• Exercise prompt: Look for "object occupies [866,493,886,517]?" in the entries below. Then write out exactly the line that holds it and every line after it, to the last, and nothing else.

• Information given:

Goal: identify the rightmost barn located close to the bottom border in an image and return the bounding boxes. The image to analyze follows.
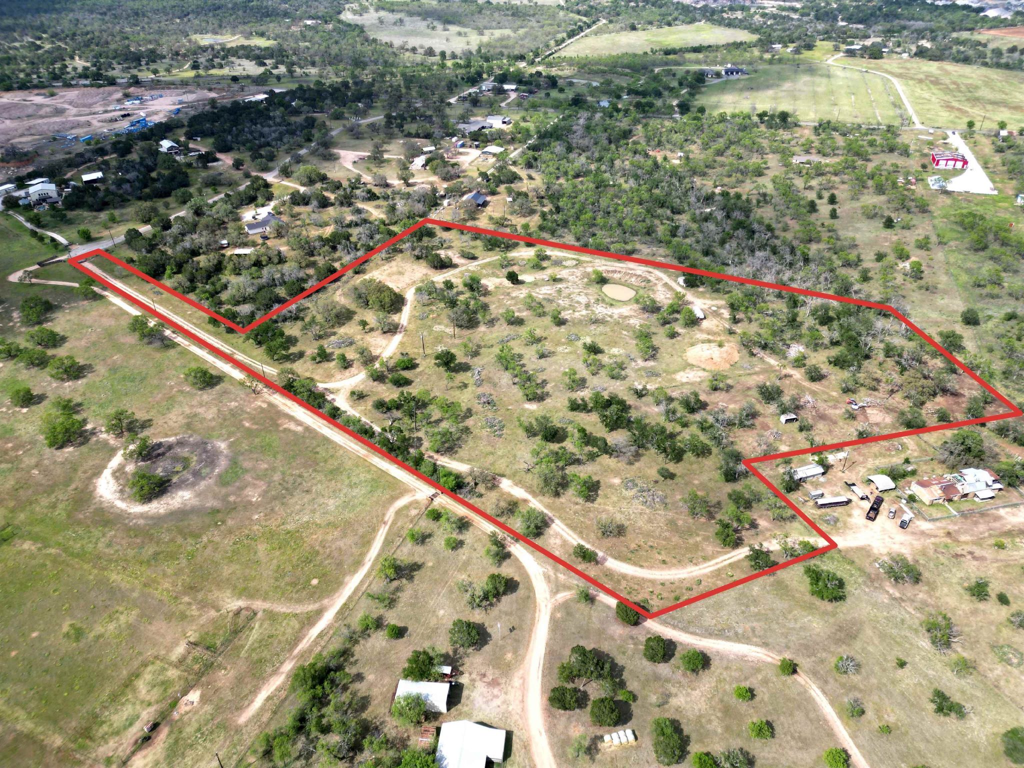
[434,720,506,768]
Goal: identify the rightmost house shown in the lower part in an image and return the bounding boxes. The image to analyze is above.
[904,449,995,506]
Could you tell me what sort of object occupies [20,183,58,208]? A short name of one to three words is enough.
house
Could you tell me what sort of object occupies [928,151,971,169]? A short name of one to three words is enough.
barn
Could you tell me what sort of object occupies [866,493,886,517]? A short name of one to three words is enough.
vehicle
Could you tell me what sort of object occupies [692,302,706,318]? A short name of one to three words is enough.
vehicle

• Task output:
Could you tell me what sort of object occupies [866,493,886,517]? A short name of one to three words is enough.
vehicle
Could you tell me what sort of object occupies [692,302,706,318]? A short name of one to three words is enough.
vehicle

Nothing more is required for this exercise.